- Assignment
What is needed is an exact transcription of every record, minus the pictures.

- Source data
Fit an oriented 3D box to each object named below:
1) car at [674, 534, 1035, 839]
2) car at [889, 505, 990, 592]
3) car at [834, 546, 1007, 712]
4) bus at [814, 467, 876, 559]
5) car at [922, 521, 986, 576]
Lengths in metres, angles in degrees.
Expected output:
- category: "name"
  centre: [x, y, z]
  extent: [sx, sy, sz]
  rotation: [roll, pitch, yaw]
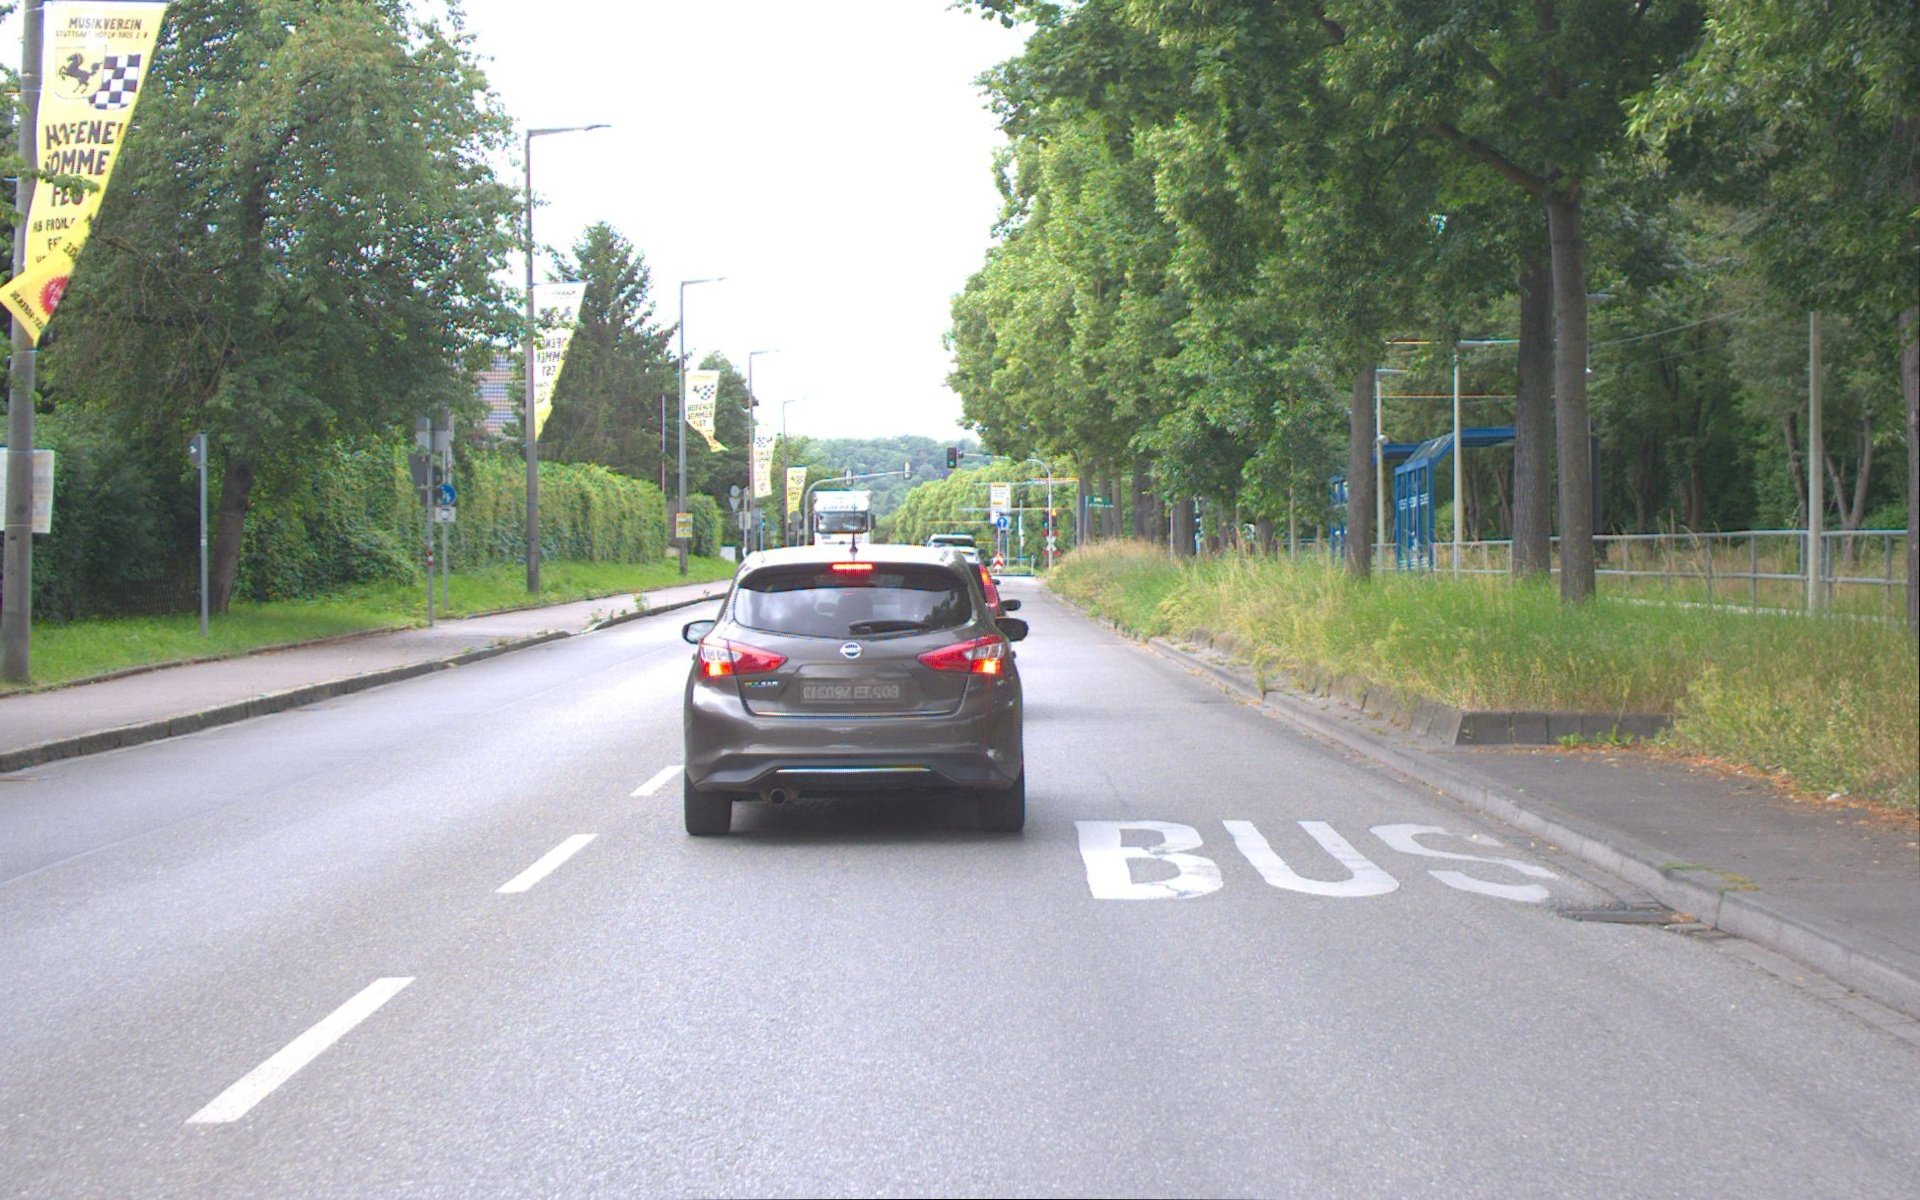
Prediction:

- Answer section
Fit an oriented 3D box to each object named below:
1) car at [674, 534, 1035, 839]
2) car at [889, 505, 990, 592]
3) car at [834, 546, 1007, 712]
4) bus at [814, 467, 876, 559]
5) car at [922, 521, 986, 576]
Lengths in metres, angles in degrees.
Expected output:
- category: "name"
  centre: [x, y, z]
  extent: [sx, sy, sz]
  rotation: [roll, pitch, yaw]
Prediction:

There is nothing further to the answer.